Arch holds the master sources, which get mirrored everywhere, into
CVS on sourceforge and savannah, as well as SVN on sourceforge and
google. If you're not willing to do this because of arch then that's 
fine. I just thought that you were showing great initiative and might
find it worthwhile to try. Handling multiple SCMs would be the least
problem (currently axiom lives in arch, cvs, svn, and darcs).

The hard part is trying to figure out how to agree to things
that you disagree with because other people have perfectly
rational opinions. Working with arch is trivial. Working with
people is hard. And among them I'm probably one of the most painful.
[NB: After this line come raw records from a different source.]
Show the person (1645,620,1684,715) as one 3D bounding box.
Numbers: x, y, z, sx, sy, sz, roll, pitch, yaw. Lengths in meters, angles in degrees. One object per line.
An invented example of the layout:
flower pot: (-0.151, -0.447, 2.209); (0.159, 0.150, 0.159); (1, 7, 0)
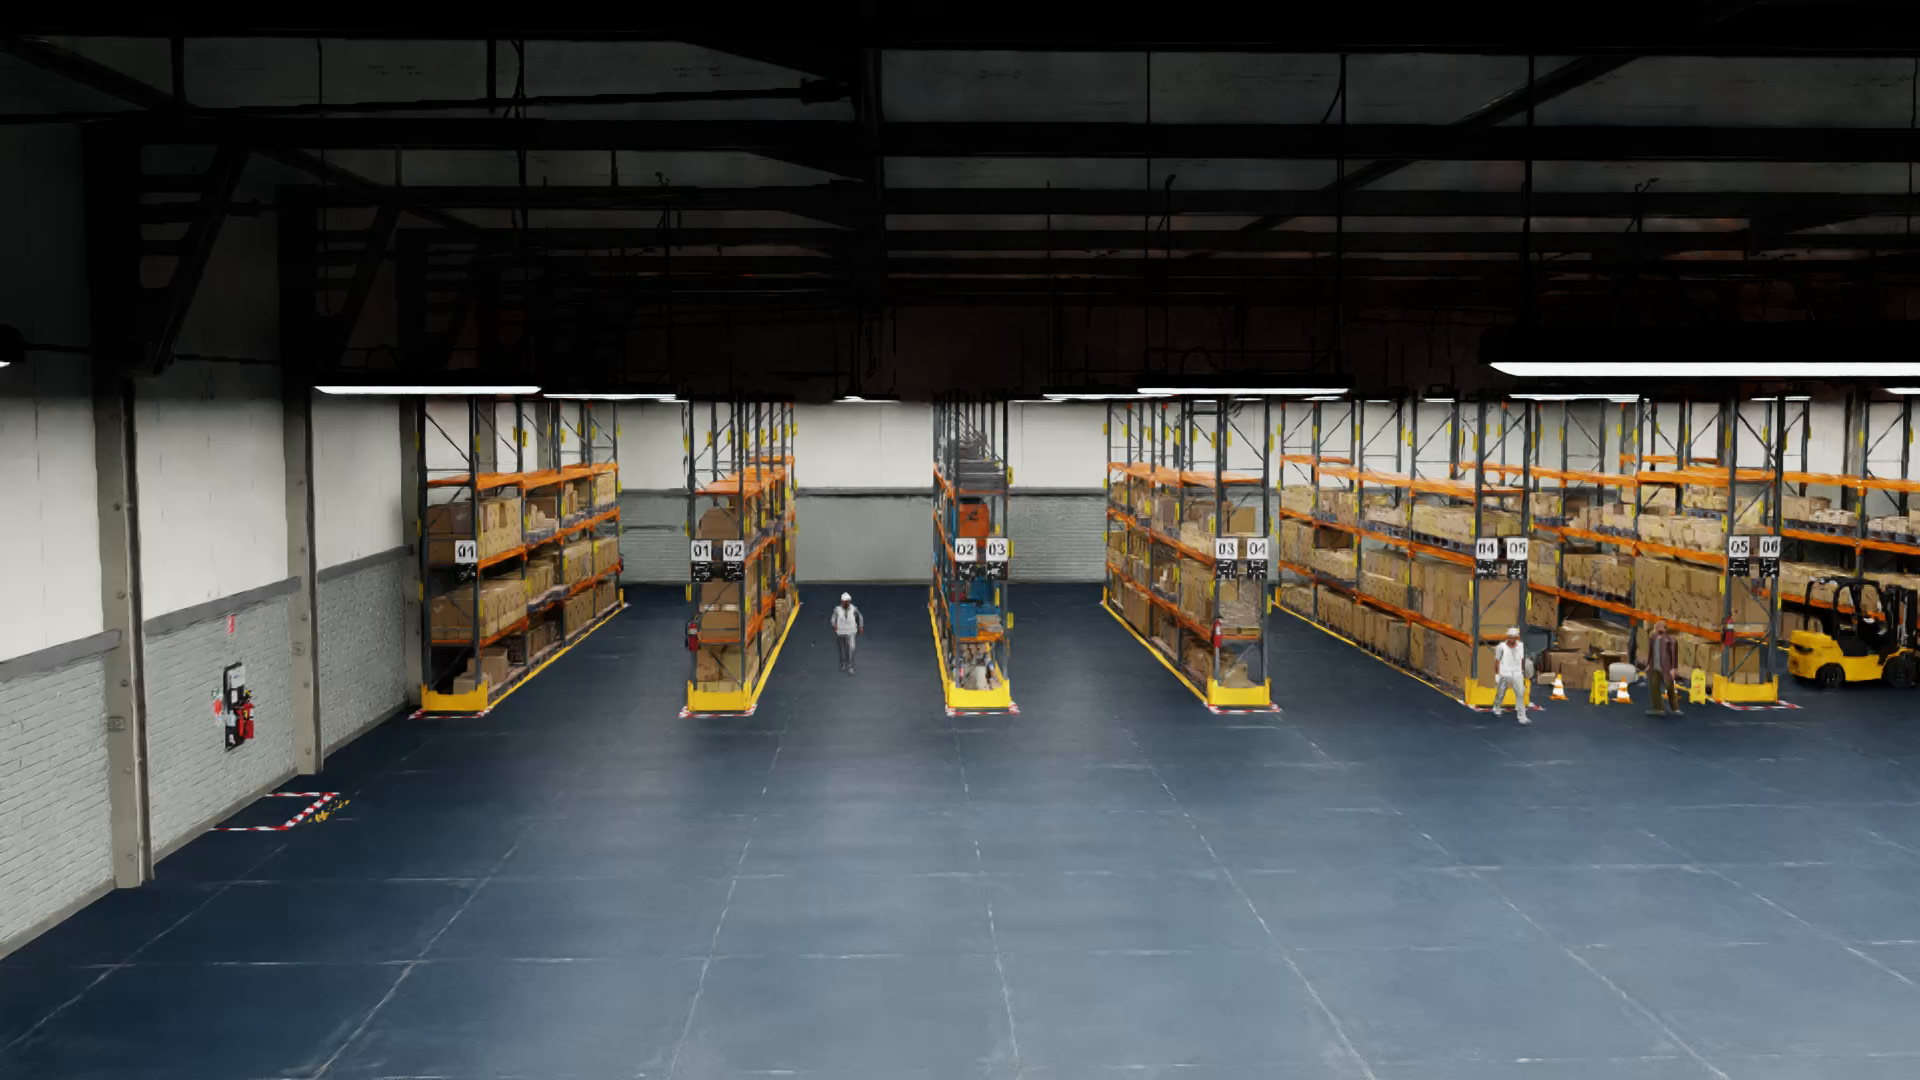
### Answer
person: (12.982, 2.348, 30.645); (0.596, 1.771, 0.692); (-3, 5, -32)

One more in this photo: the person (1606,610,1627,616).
person: (17.882, 1.198, 45.131); (0.553, 1.661, 0.601); (1, 5, 13)

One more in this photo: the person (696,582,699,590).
person: (-7.853, 0.644, 51.199); (0.567, 1.780, 0.722); (4, 6, 37)

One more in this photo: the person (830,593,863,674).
person: (-2.432, 1.965, 35.609); (0.679, 1.709, 0.866); (0, 5, 3)

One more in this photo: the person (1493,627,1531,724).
person: (9.921, 2.414, 29.979); (0.566, 1.706, 1.122); (0, 5, 0)
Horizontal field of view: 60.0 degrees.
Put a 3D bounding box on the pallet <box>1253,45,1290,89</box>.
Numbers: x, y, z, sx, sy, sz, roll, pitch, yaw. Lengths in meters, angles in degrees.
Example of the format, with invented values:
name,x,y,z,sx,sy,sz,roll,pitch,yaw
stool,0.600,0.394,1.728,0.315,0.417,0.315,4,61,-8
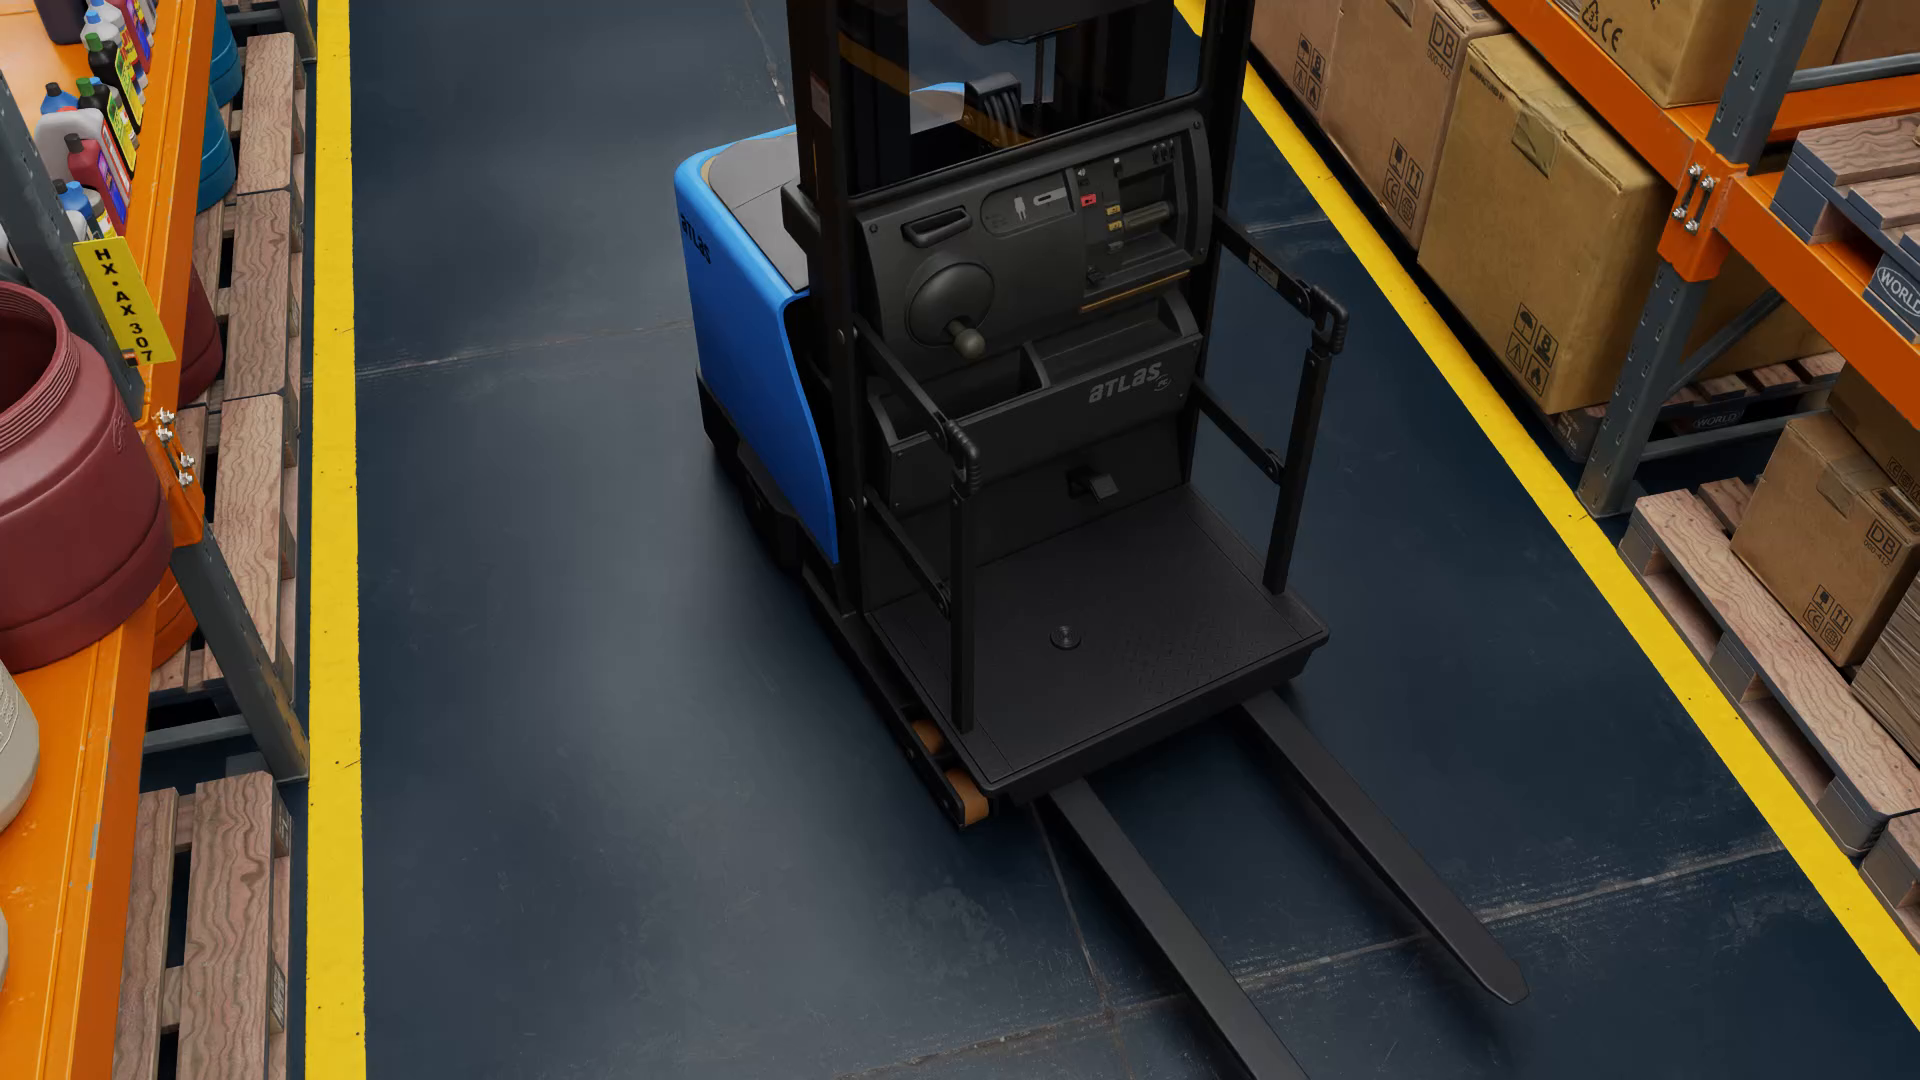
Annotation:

> 2) "one of persons who maintain ..." -- IIUC Gaby wants to avoid
>    single point of failure (me too).

How you maintain axiom--silver--1 would be up to you. Be aware
that about 22 people have write access to silver at the moment.

I don't think "single point of failure" is a rational notion
in terms of SCM. You or I could simply stop patching the code
and the world would hardly notice since many people have write
access.

A "single point of control", however, is vitally important.
You're basically "putting your name" on the dotted line 
claiming that you "control" the repository. If you allow
anyone to make any change they want you'll quickly find that
you have no idea what the changes mean and how they impact
the stability of "silver". That behavior is fine in a branch
but means chaos in the "pre-production" master copy. You 
can't track every person's "hot topic", nor have an instant
understanding of their "obviously correct patch".

You would need to think about how the changes will affect
many things including outstanding branches. Suppose
someone checks in Java Ant sripts to do builds instead of
using autoconf. Is that the best thing for the project?
Do we want to add Java as a global dependency? How do you
plan to resolve the Perl build mechanism with the current
mechanism? Or the build-improvements mechanism? Or suppose
someone renames files. What code depends on those files?
Does it break things we are not testing?

I am very careful about putting patches into silver until
I understand them. Silver patches are gold-to-be so its
not the same as maintaining a branch. You not only need
to apply the patch, you need to figure out how to check
that it is right and you need to figure out how to test
that it works. Thus a silver patch is very expensive.

Just because it works does not make it right for the project.

And you have to give strong pushback to maintain quality.
Changes and addtions NEED excellent documentation (not just
code changes). This will be the big discussion about getting
anything into gold in the future. 

It's a hard job and one that will put you in a position 
of contention with people at times.

Think carefully about it and let me know.